RNS Number : 7218C
Trakm8 Holdings PLC
19 November 2009
 




19 November 2009




TRAKM8 HOLDINGS PLC

("Trakm8" or "the Group")


Unaudited Interim Results

for the six months ended 30 September 2009



Highlights



Six months to 30 September

2009

Unaudited


Six months to 30 September

2008

Unaudited


Year to

31 March

2009

Audited



£'000

£'000

£'000

Turnover

1,706

1,995 

3,679

Gross Profit

1,138

1,106 

2,162

Gross Profit %

66.7%

55.4%

58.8%

Earnings before interest, depreciation & amortisation

244

(197)

(104)

Profit / (loss) before tax

100

(352)

(402)

Net cash and cash equivalents 

444

(134)

99

Net assets

1,554

1,227

1,182




Dawson Buck, Chairman, said "It is particularly pleasing to present our latest interim results that confirm the Group's return to profitability despite a trading environment universally acknowledged as challenging. Our focus on technological innovation along with the delivery of high quality and excellent value fleet solutions to our customers emphasises the growing Trakm8 brand influence within the industry."


For further information, please visit www.trakm8.com or contact:



Trakm8 plc

John Watkins, Chief Executive Officer

James Hedges, Finance Director


01747 858 444


Tavistock Communications

Simon Hudson


020 7920 3150


Arbuthnot Securities

Alasdair Younie


020 7012 2000



Chairman's Statement


The first six months of this financial year have continued the positive trends established in the second half of last year.

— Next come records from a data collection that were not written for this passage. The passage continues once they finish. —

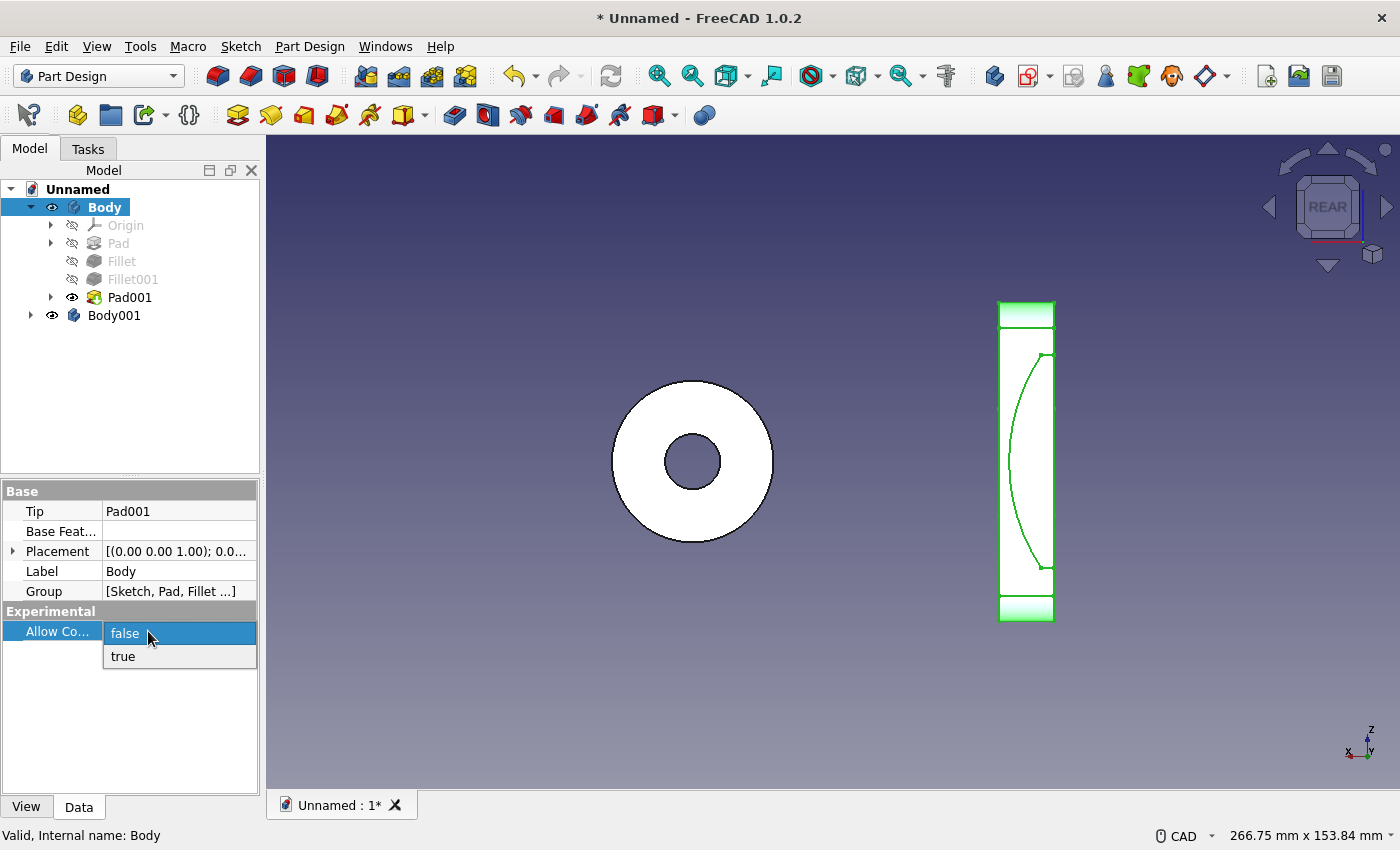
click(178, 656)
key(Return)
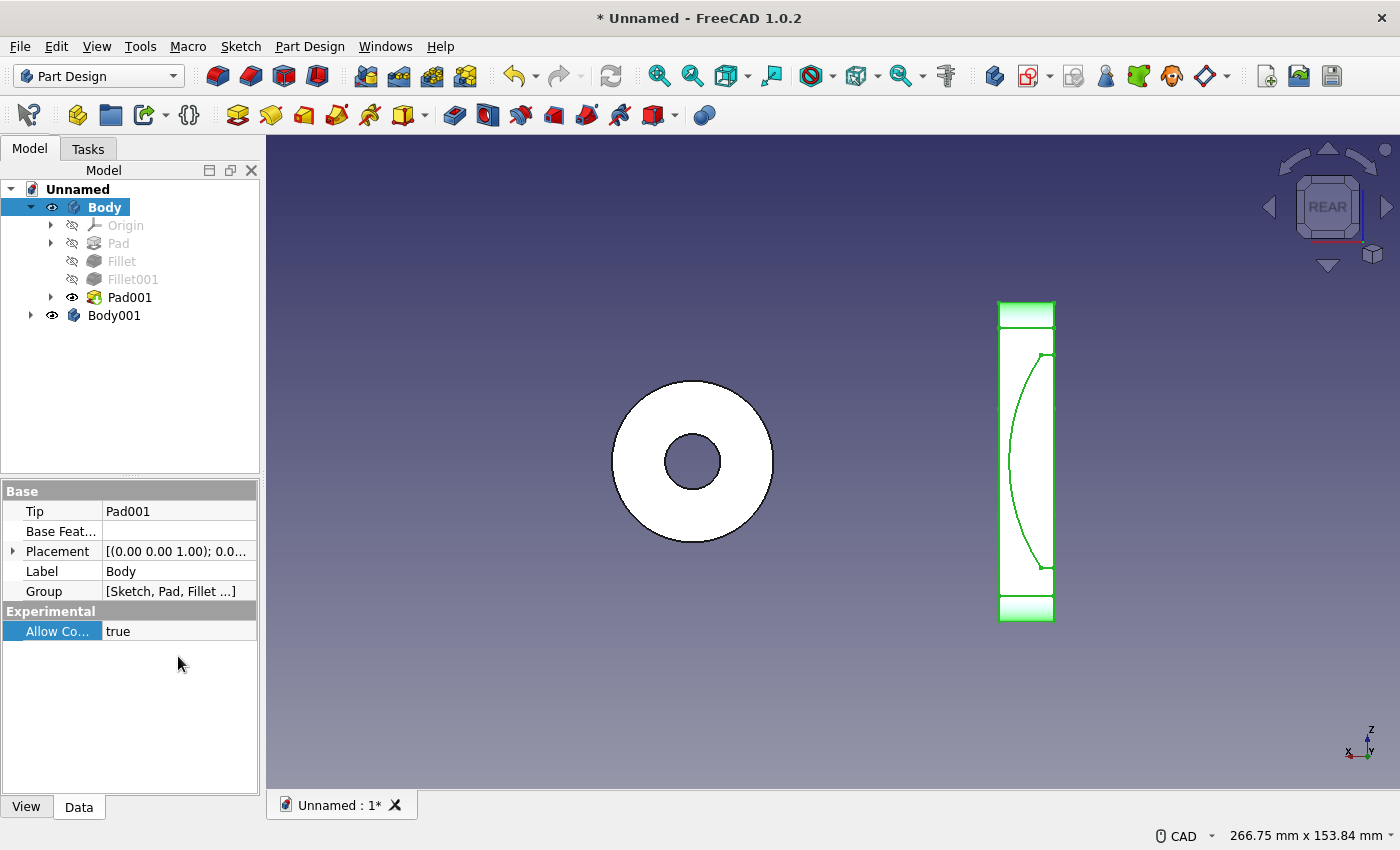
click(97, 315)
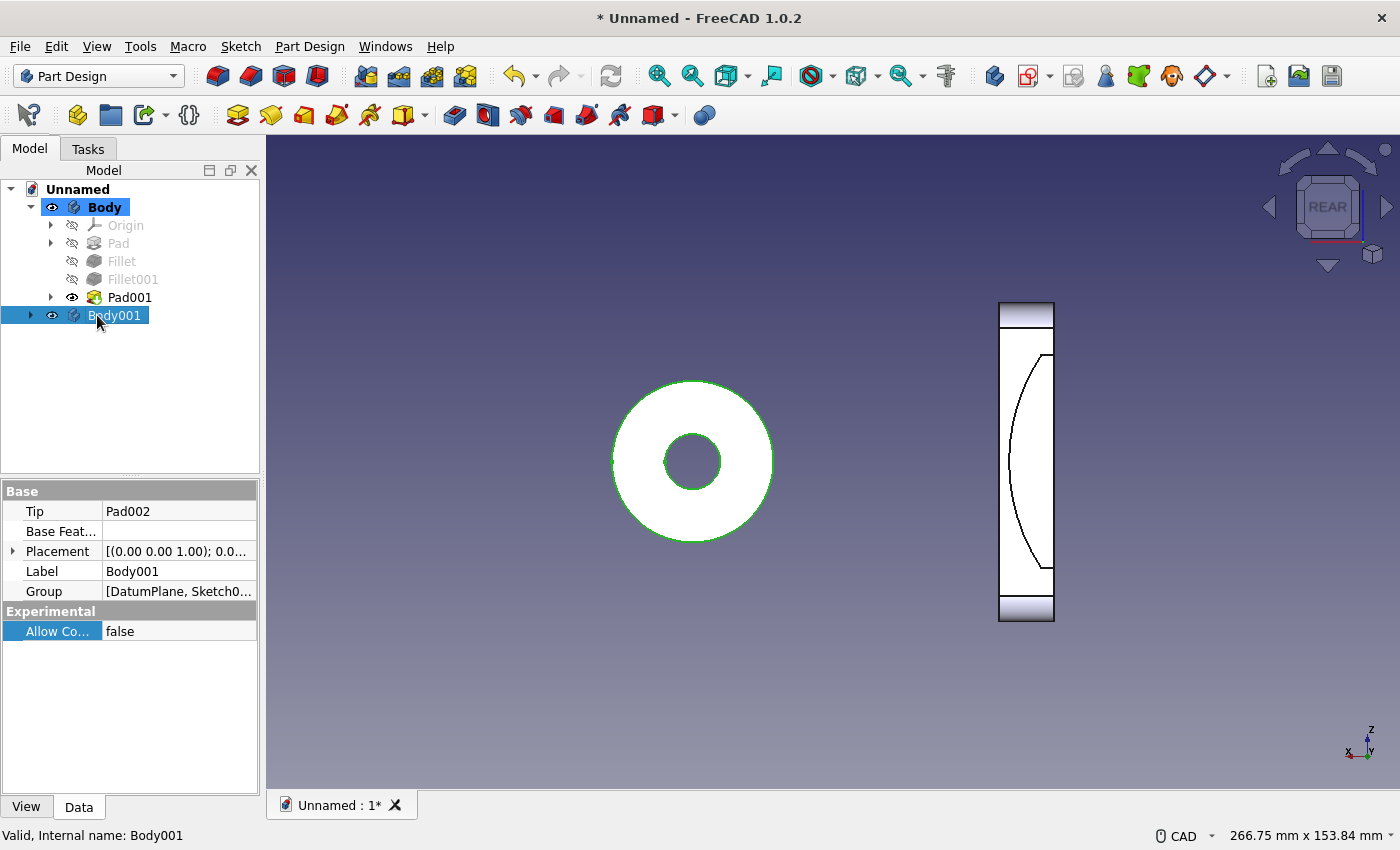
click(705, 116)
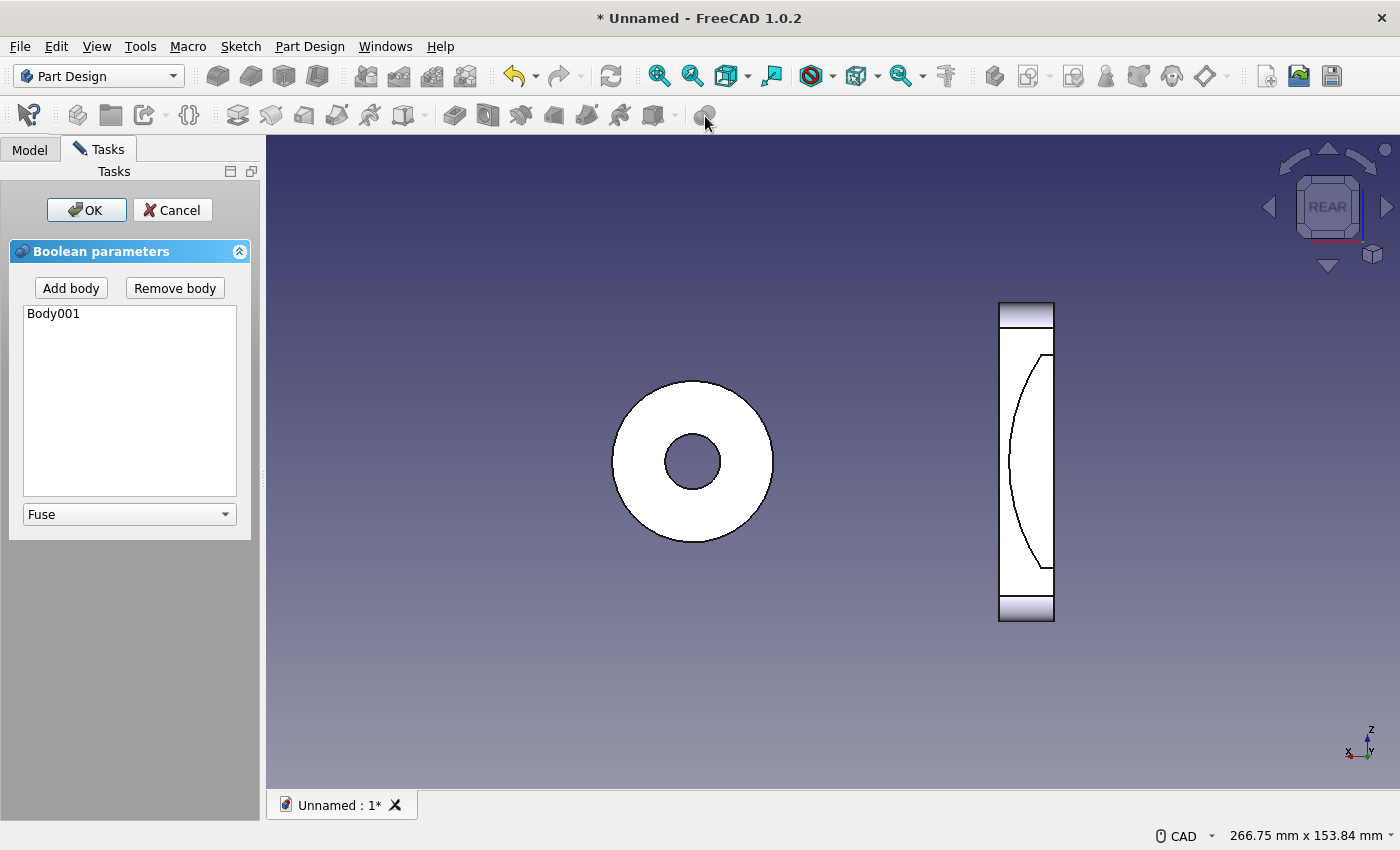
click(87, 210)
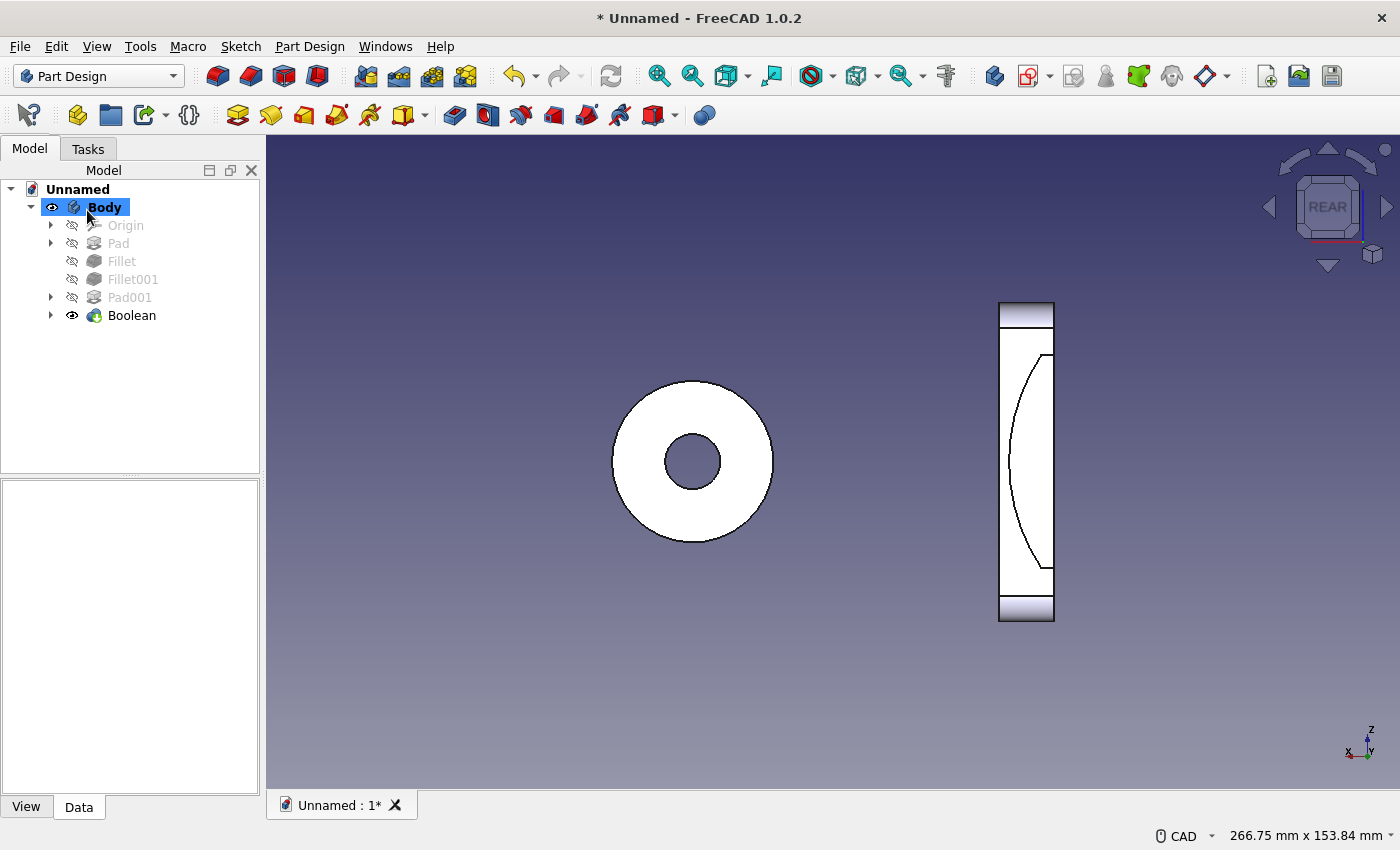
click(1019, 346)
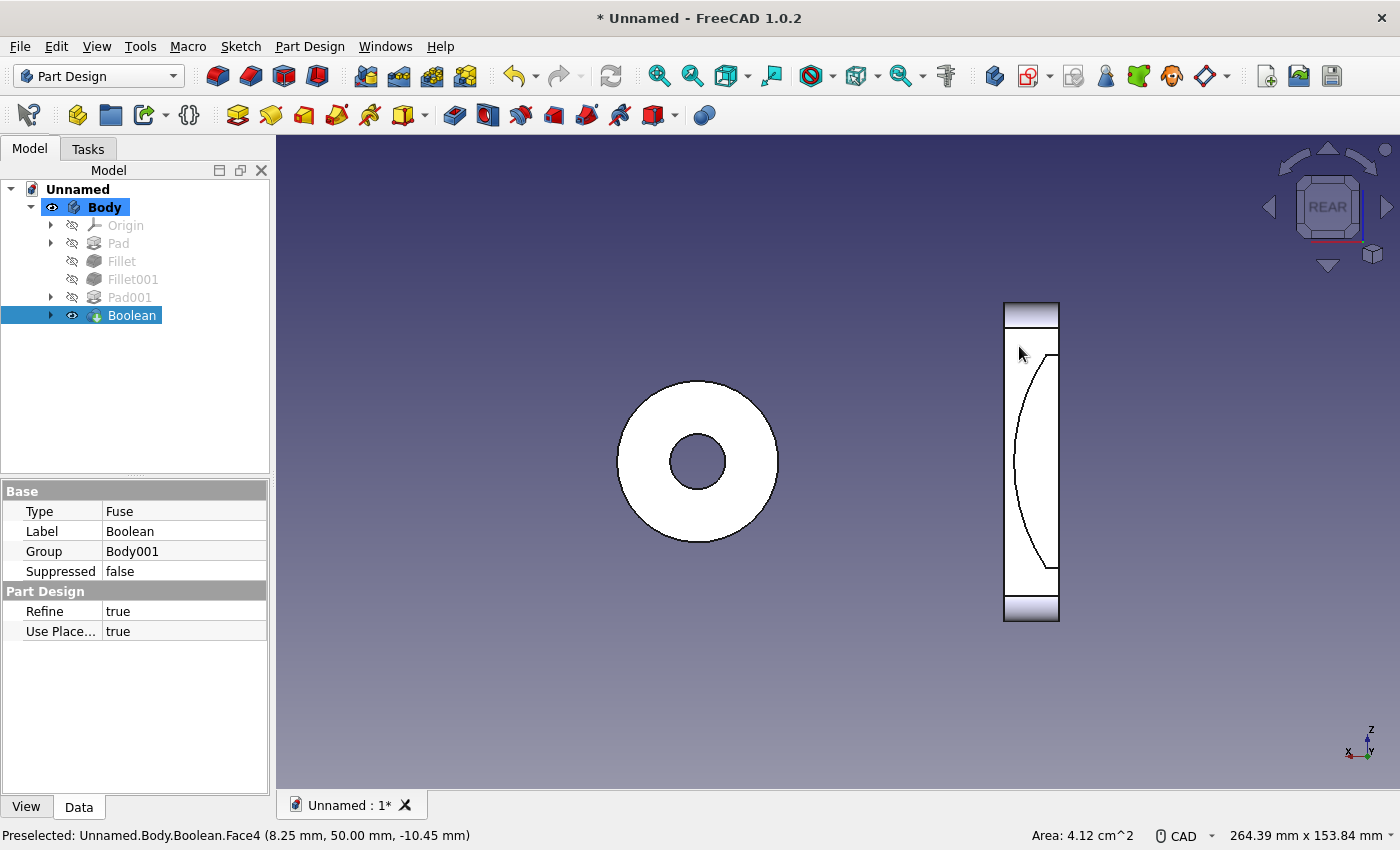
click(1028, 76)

Although revenue in the period reduced by 14% to £1.71m (2008: £1.99m), the focus on higher margin products and customers in conjunction with the cost reduction initiatives taken last year have resulted in a profit before tax of £0.10m (2008: loss £0.35m).


The Company generated positive cash flow from trading during the period and in addition improved the balance sheet in May 2009 with placing of 4,454,046 new ordinary shares to raise approximately £0.27 million (after expenses).  Our net cash position at the end of September 2009 was £0.44m (2008: net overdraft £0.13m). 


The launch of the next generation Trakm8 Swift server side application has been very well received with the majority of our customers seeing the advantages of migrating to this improved service.


Operational Review


During the period the Group started to deliver units as part of the E.ON contract announced on 25 March 2009. There has been an expansion of the customer base and new marketing initiatives, and these together with the launch of Trakm8 Swift 5, are delivering positive results. 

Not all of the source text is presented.